Dr. Arthur Conan Doyle is summoned to the scene of a gruesome crime that has baffled and outraged Scotland Yard's best. A senior member of Her Majesty's government has been brutally murdered, and the body of his attacker lies close by — riddled with bullets. More perplexing, one of the attending detectives recognizes the dead assassin as Charlie Higginbotham, a local Cockney pickpocket and petty thief. Higginbotham is not just an improbable suspect, but an impossible suspect, for the young detective watched him take the drop two weeks previously, hanged at Newgate Prison.
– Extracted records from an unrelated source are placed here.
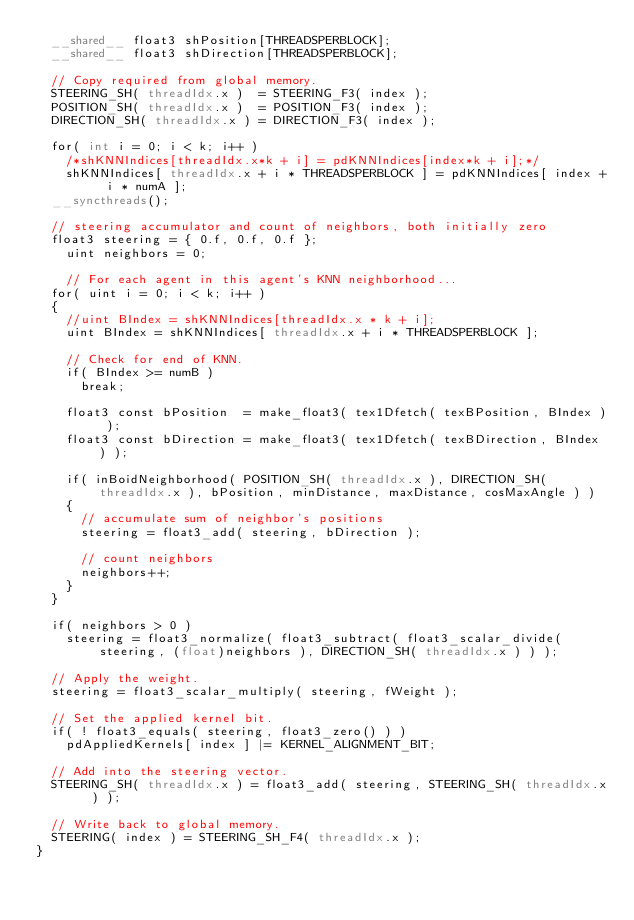<code> <loc_0><loc_0><loc_500><loc_500><_Cuda_>	__shared__ float3 shPosition[THREADSPERBLOCK];
	__shared__ float3 shDirection[THREADSPERBLOCK];

	// Copy required from global memory.
	STEERING_SH( threadIdx.x )	= STEERING_F3( index );
	POSITION_SH( threadIdx.x )	= POSITION_F3( index );
	DIRECTION_SH( threadIdx.x )	= DIRECTION_F3( index );

	for( int i = 0; i < k; i++ )
		/*shKNNIndices[threadIdx.x*k + i] = pdKNNIndices[index*k + i];*/
		shKNNIndices[ threadIdx.x + i * THREADSPERBLOCK ] = pdKNNIndices[ index + i * numA ];
	__syncthreads();

	// steering accumulator and count of neighbors, both initially zero
	float3 steering = { 0.f, 0.f, 0.f };
    uint neighbors = 0;

    // For each agent in this agent's KNN neighborhood...
	for( uint i = 0; i < k; i++ )
	{
		//uint BIndex = shKNNIndices[threadIdx.x * k + i];
		uint BIndex = shKNNIndices[ threadIdx.x + i * THREADSPERBLOCK ];

		// Check for end of KNN.
		if( BIndex >= numB )
			break;

		float3 const bPosition	= make_float3( tex1Dfetch( texBPosition, BIndex ) );
		float3 const bDirection	= make_float3( tex1Dfetch( texBDirection, BIndex ) );

		if( inBoidNeighborhood( POSITION_SH( threadIdx.x ), DIRECTION_SH( threadIdx.x ), bPosition, minDistance, maxDistance, cosMaxAngle ) )
		{
			// accumulate sum of neighbor's positions
			steering = float3_add( steering, bDirection );

			// count neighbors
			neighbors++;
		}
	}

	if( neighbors > 0 )
		steering = float3_normalize( float3_subtract( float3_scalar_divide( steering, (float)neighbors ), DIRECTION_SH( threadIdx.x ) ) );

	// Apply the weight.
	steering = float3_scalar_multiply( steering, fWeight );

	// Set the applied kernel bit.
	if( ! float3_equals( steering, float3_zero() ) )
		pdAppliedKernels[ index ] |= KERNEL_ALIGNMENT_BIT;

	// Add into the steering vector.
	STEERING_SH( threadIdx.x ) = float3_add( steering, STEERING_SH( threadIdx.x ) );

	// Write back to global memory.
	STEERING( index ) = STEERING_SH_F4( threadIdx.x );
}
</code> 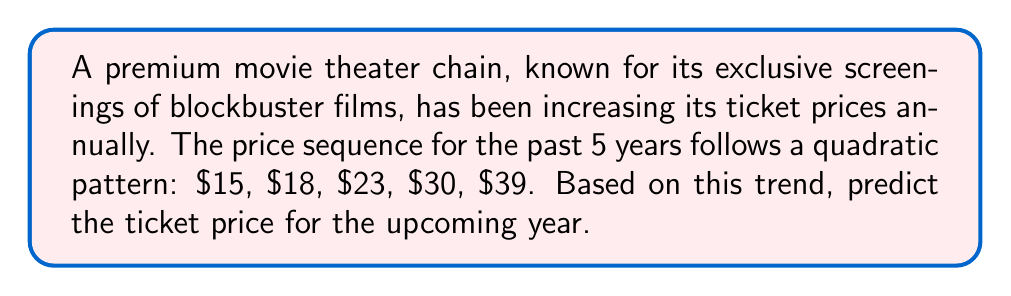Show me your answer to this math problem. To solve this problem, we need to find the quadratic sequence that fits the given data points. Let's approach this step-by-step:

1) The general form of a quadratic sequence is:
   $$a_n = an^2 + bn + c$$
   where $n$ is the term number (starting from 0), and $a$, $b$, and $c$ are constants.

2) We have the following data points:
   $a_0 = 15$
   $a_1 = 18$
   $a_2 = 23$
   $a_3 = 30$
   $a_4 = 39$

3) To find $a$, $b$, and $c$, we can use the method of differences:
   First differences:  3, 5, 7, 9
   Second differences: 2, 2, 2

4) The second difference is constant (2), confirming it's a quadratic sequence. 
   The coefficient $a$ is half of this constant: $a = 2/2 = 1$

5) Now we can set up three equations using the first three terms:
   $15 = c$
   $18 = a + b + c$
   $23 = 4a + 2b + c$

6) Substituting known values:
   $15 = c$
   $18 = 1 + b + 15$
   $23 = 4 + 2b + 15$

7) Solving these equations:
   $c = 15$
   $b = 2$
   $a = 1$

8) Our quadratic sequence is therefore:
   $$a_n = n^2 + 2n + 15$$

9) To predict the next term (year 6), we calculate $a_5$:
   $$a_5 = 5^2 + 2(5) + 15 = 25 + 10 + 15 = 50$$

Therefore, the predicted ticket price for the upcoming year is $50.
Answer: $50

Conan Doyle calls in his friend Oscar Wilde for assistance and soon the two authors find themselves swept up in an investigation so bizarre it defies conventional wisdom and puts the lives of their loved ones, the Nation, and even the Monarch herself in dire peril. The murders continue, committed by a shadowy cadre of seemingly unstoppable assassins. As the sinister plot unravels, an implausible theory becomes the only possible solution: someone is reanimating the corpses of executed criminals and sending them shambling through the London fog... and programmed for murder.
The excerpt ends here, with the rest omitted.